The output has to be the full set of records, reproduced exactly, minus any picture.

◆ DATA SHOWN ◆
--*--
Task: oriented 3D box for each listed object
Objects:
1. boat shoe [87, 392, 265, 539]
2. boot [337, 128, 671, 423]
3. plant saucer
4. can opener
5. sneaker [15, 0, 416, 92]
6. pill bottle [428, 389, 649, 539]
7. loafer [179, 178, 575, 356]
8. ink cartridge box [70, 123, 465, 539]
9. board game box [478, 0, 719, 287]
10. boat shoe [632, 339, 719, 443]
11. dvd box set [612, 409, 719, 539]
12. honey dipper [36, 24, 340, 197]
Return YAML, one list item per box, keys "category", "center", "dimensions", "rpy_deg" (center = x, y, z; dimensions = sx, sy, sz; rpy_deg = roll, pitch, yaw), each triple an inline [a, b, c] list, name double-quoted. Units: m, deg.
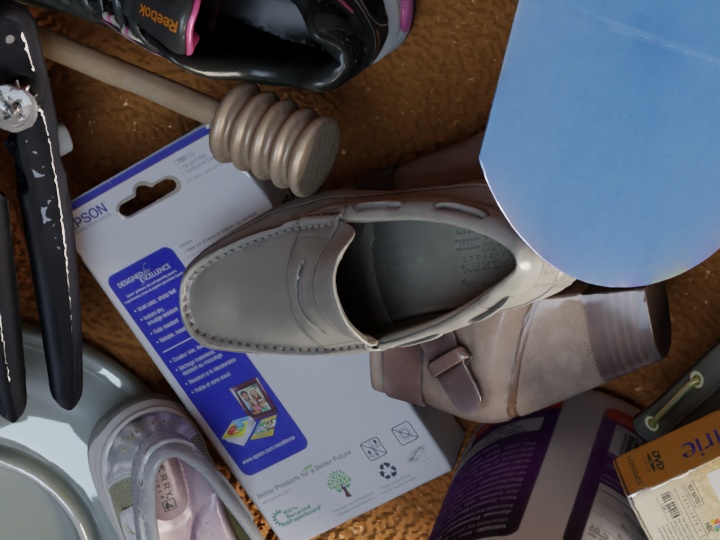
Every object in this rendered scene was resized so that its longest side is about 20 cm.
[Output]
- category: "boat shoe"
  center: [-0.068, 0.153, 1.382]
  dimensions: [0.074, 0.065, 0.203]
  rpy_deg: [-25, 116, -12]
- category: "boot"
  center: [0.053, -0.031, 1.264]
  dimensions: [0.145, 0.070, 0.202]
  rpy_deg: [-3, 99, 25]
- category: "plant saucer"
  center: [-0.172, 0.122, 1.422]
  dimensions: [0.199, 0.050, 0.201]
  rpy_deg: [7, 118, 13]
- category: "can opener"
  center: [-0.153, -0.027, 1.300]
  dimensions: [0.063, 0.079, 0.201]
  rpy_deg: [-14, 111, -5]
- category: "sneaker"
  center: [-0.080, -0.125, 1.246]
  dimensions: [0.198, 0.086, 0.081]
  rpy_deg: [10, 118, 11]
- category: "pill bottle"
  center: [0.077, 0.145, 1.277]
  dimensions: [0.111, 0.200, 0.112]
  rpy_deg: [7, 118, 12]
- category: "loafer"
  center: [0.000, 0.000, 1.229]
  dimensions: [0.199, 0.070, 0.070]
  rpy_deg: [-15, 96, 33]
- category: "ink cartridge box"
  center: [-0.046, 0.025, 1.343]
  dimensions: [0.099, 0.039, 0.201]
  rpy_deg: [-26, 109, 25]
- category: "board game box"
  center: [0.107, -0.095, 1.179]
  dimensions: [0.039, 0.157, 0.201]
  rpy_deg: [16, 92, 49]
- category: "boat shoe"
  center: [0.190, 0.012, 1.251]
  dimensions: [0.060, 0.072, 0.202]
  rpy_deg: [36, 114, 7]
- category: "dvd box set"
  center: [0.222, 0.090, 1.248]
  dimensions: [0.199, 0.029, 0.147]
  rpy_deg: [-26, 131, 7]
- category: "honey dipper"
  center: [-0.101, -0.085, 1.278]
  dimensions: [0.199, 0.038, 0.038]
  rpy_deg: [24, 122, 22]
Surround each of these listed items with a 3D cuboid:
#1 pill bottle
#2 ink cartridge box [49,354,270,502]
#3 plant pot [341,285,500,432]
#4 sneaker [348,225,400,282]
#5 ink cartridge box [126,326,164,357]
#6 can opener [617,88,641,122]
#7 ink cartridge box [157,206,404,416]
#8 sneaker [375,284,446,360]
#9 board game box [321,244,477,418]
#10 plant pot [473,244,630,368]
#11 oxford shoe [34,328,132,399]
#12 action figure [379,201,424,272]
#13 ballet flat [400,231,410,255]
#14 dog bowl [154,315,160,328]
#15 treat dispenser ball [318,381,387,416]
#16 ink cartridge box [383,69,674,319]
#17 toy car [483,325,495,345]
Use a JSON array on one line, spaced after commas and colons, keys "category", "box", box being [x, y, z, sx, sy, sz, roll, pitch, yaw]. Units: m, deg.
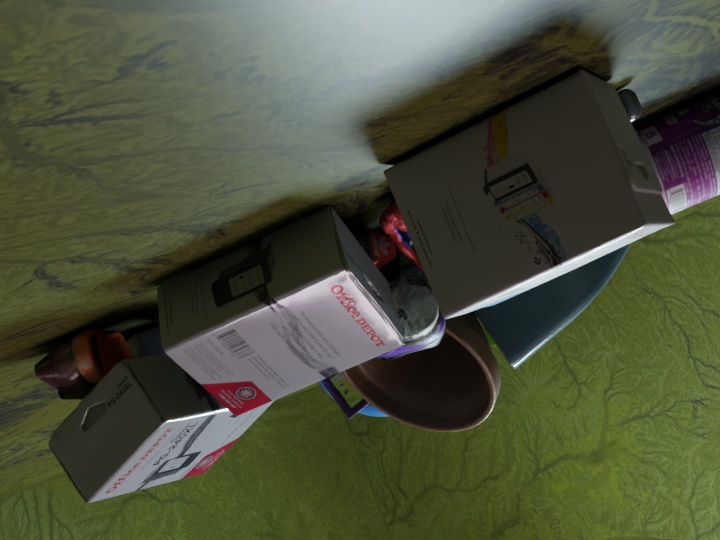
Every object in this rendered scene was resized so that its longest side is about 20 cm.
[{"category": "pill bottle", "box": [0.408, -0.144, 1.537, 0.198, 0.113, 0.112, -22, 173, 2]}, {"category": "ink cartridge box", "box": [-0.209, 0.160, 1.400, 0.145, 0.084, 0.199, -46, 160, 24]}, {"category": "plant pot", "box": [0.075, 0.085, 1.504, 0.200, 0.201, 0.093, -30, -159, 47]}, {"category": "sneaker", "box": [0.000, 0.000, 1.433, 0.084, 0.076, 0.200, -7, 171, -6]}, {"category": "ink cartridge box", "box": [-0.205, 0.108, 1.603, 0.199, 0.085, 0.144, -19, 171, -37]}, {"category": "can opener", "box": [0.216, -0.114, 1.330, 0.053, 0.067, 0.200, -19, 172, -31]}, {"category": "ink cartridge box", "box": [-0.076, 0.043, 1.280, 0.198, 0.084, 0.145, -24, 139, 13]}, {"category": "sneaker", "box": [-0.002, 0.065, 1.387, 0.198, 0.070, 0.100, -2, 160, 20]}, {"category": "board game box", "box": [0.029, 0.071, 1.588, 0.199, 0.120, 0.032, -38, 179, 3]}, {"category": "plant pot", "box": [0.206, -0.022, 1.545, 0.199, 0.197, 0.196, -35, 172, 4]}, {"category": "oxford shoe", "box": [-0.292, 0.107, 1.419, 0.072, 0.072, 0.200, -19, 163, 4]}, {"category": "action figure", "box": [0.076, -0.036, 1.355, 0.065, 0.099, 0.200, -45, 167, 7]}, {"category": "ballet flat", "box": [-0.011, 0.010, 1.559, 0.199, 0.064, 0.067, -25, 177, 17]}, {"category": "dog bowl", "box": [-0.132, 0.040, 1.468, 0.198, 0.050, 0.111, -24, 173, 10]}, {"category": "treat dispenser ball", "box": [0.028, 0.088, 1.703, 0.199, 0.203, 0.201, -22, 173, -3]}, {"category": "ink cartridge box", "box": [0.154, -0.066, 1.170, 0.199, 0.146, 0.147, -25, 173, 21]}, {"category": "toy car", "box": [0.188, 0.004, 1.817, 0.156, 0.166, 0.200, -20, -178, -14]}]
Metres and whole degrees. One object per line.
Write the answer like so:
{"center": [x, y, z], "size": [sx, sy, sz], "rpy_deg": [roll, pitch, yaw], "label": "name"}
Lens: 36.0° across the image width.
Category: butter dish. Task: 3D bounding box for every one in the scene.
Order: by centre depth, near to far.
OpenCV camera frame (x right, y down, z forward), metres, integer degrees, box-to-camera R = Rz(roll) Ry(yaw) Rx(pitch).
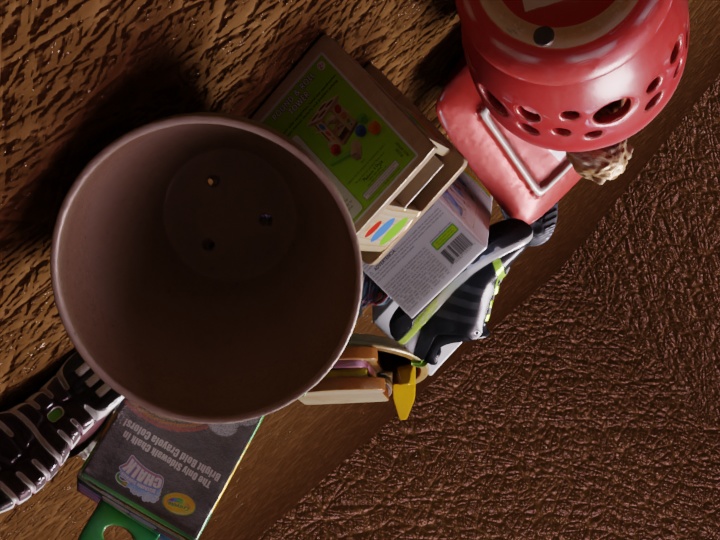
--*--
◆ RESULT BELOW ◆
Task: oriented 3D box for each listed object
Objects:
1. boat shoe [87, 392, 265, 539]
2. boot [337, 128, 671, 423]
3. plant saucer
4. can opener
5. sneaker [15, 0, 416, 92]
6. pill bottle [428, 389, 649, 539]
7. loafer [179, 178, 575, 356]
8. ink cartridge box [70, 123, 465, 539]
9. board game box [478, 0, 719, 287]
10. boat shoe [632, 339, 719, 443]
11. dvd box set [612, 409, 719, 539]
12. honey dipper [36, 24, 340, 197]
Return YAML, one list item per box, keys "category", "center", "dimensions", "rpy_deg" (center = x, y, z; dimensions = sx, sy, sz; rpy_deg = roll, pitch, yaw), each triple an inline [a, b, c] list, name double-quoted. Units: m, deg.
Every object in this rendered scene was resized so that its longest side is about 20 cm.
[Output]
- category: "boat shoe"
  center: [-0.068, 0.153, 1.382]
  dimensions: [0.074, 0.065, 0.203]
  rpy_deg: [-25, 116, -12]
- category: "boot"
  center: [0.053, -0.031, 1.264]
  dimensions: [0.145, 0.070, 0.202]
  rpy_deg: [-3, 99, 25]
- category: "plant saucer"
  center: [-0.172, 0.122, 1.422]
  dimensions: [0.199, 0.050, 0.201]
  rpy_deg: [7, 118, 13]
- category: "can opener"
  center: [-0.153, -0.027, 1.300]
  dimensions: [0.063, 0.079, 0.201]
  rpy_deg: [-14, 111, -5]
- category: "sneaker"
  center: [-0.080, -0.125, 1.246]
  dimensions: [0.198, 0.086, 0.081]
  rpy_deg: [10, 118, 11]
- category: "pill bottle"
  center: [0.077, 0.145, 1.277]
  dimensions: [0.111, 0.200, 0.112]
  rpy_deg: [7, 118, 12]
- category: "loafer"
  center: [0.000, 0.000, 1.229]
  dimensions: [0.199, 0.070, 0.070]
  rpy_deg: [-15, 96, 33]
- category: "ink cartridge box"
  center: [-0.046, 0.025, 1.343]
  dimensions: [0.099, 0.039, 0.201]
  rpy_deg: [-26, 109, 25]
- category: "board game box"
  center: [0.107, -0.095, 1.179]
  dimensions: [0.039, 0.157, 0.201]
  rpy_deg: [16, 92, 49]
- category: "boat shoe"
  center: [0.190, 0.012, 1.251]
  dimensions: [0.060, 0.072, 0.202]
  rpy_deg: [36, 114, 7]
- category: "dvd box set"
  center: [0.222, 0.090, 1.248]
  dimensions: [0.199, 0.029, 0.147]
  rpy_deg: [-26, 131, 7]
- category: "honey dipper"
  center: [-0.101, -0.085, 1.278]
  dimensions: [0.199, 0.038, 0.038]
  rpy_deg: [24, 122, 22]
Surround each of these listed items with a 3D cuboid:
#1 pill bottle
#2 ink cartridge box [49,354,270,502]
#3 plant pot [341,285,500,432]
#4 sneaker [348,225,400,282]
#5 ink cartridge box [126,326,164,357]
#6 can opener [617,88,641,122]
#7 ink cartridge box [157,206,404,416]
#8 sneaker [375,284,446,360]
#9 board game box [321,244,477,418]
#10 plant pot [473,244,630,368]
#11 oxford shoe [34,328,132,399]
#12 action figure [379,201,424,272]
#13 ballet flat [400,231,410,255]
#14 dog bowl [154,315,160,328]
#15 treat dispenser ball [318,381,387,416]
#16 ink cartridge box [383,69,674,319]
#17 toy car [483,325,495,345]
Use a JSON array on one line, spaced after commas and colons, keys "category", "box", box being [x, y, z, sx, sy, sz, roll, pitch, yaw]. Units: m, deg.
Every object in this rendered scene was resized so that its longest side is about 20 cm.
[{"category": "pill bottle", "box": [0.408, -0.144, 1.537, 0.198, 0.113, 0.112, -22, 173, 2]}, {"category": "ink cartridge box", "box": [-0.209, 0.160, 1.400, 0.145, 0.084, 0.199, -46, 160, 24]}, {"category": "plant pot", "box": [0.075, 0.085, 1.504, 0.200, 0.201, 0.093, -30, -159, 47]}, {"category": "sneaker", "box": [0.000, 0.000, 1.433, 0.084, 0.076, 0.200, -7, 171, -6]}, {"category": "ink cartridge box", "box": [-0.205, 0.108, 1.603, 0.199, 0.085, 0.144, -19, 171, -37]}, {"category": "can opener", "box": [0.216, -0.114, 1.330, 0.053, 0.067, 0.200, -19, 172, -31]}, {"category": "ink cartridge box", "box": [-0.076, 0.043, 1.280, 0.198, 0.084, 0.145, -24, 139, 13]}, {"category": "sneaker", "box": [-0.002, 0.065, 1.387, 0.198, 0.070, 0.100, -2, 160, 20]}, {"category": "board game box", "box": [0.029, 0.071, 1.588, 0.199, 0.120, 0.032, -38, 179, 3]}, {"category": "plant pot", "box": [0.206, -0.022, 1.545, 0.199, 0.197, 0.196, -35, 172, 4]}, {"category": "oxford shoe", "box": [-0.292, 0.107, 1.419, 0.072, 0.072, 0.200, -19, 163, 4]}, {"category": "action figure", "box": [0.076, -0.036, 1.355, 0.065, 0.099, 0.200, -45, 167, 7]}, {"category": "ballet flat", "box": [-0.011, 0.010, 1.559, 0.199, 0.064, 0.067, -25, 177, 17]}, {"category": "dog bowl", "box": [-0.132, 0.040, 1.468, 0.198, 0.050, 0.111, -24, 173, 10]}, {"category": "treat dispenser ball", "box": [0.028, 0.088, 1.703, 0.199, 0.203, 0.201, -22, 173, -3]}, {"category": "ink cartridge box", "box": [0.154, -0.066, 1.170, 0.199, 0.146, 0.147, -25, 173, 21]}, {"category": "toy car", "box": [0.188, 0.004, 1.817, 0.156, 0.166, 0.200, -20, -178, -14]}]
Metres and whole degrees. One object per line.
Write the answer like so:
{"center": [x, y, z], "size": [sx, sy, sz], "rpy_deg": [roll, pitch, yaw], "label": "name"}
Lens: 36.0° across the image width.
Category: butter dish. Task: 3D bounding box for every one in the scene.
Order: by centre depth, near to far.
OpenCV camera frame (x right, y down, z forward), metres, integer degrees, box-to-camera R = Rz(roll) Ry(yaw) Rx(pitch).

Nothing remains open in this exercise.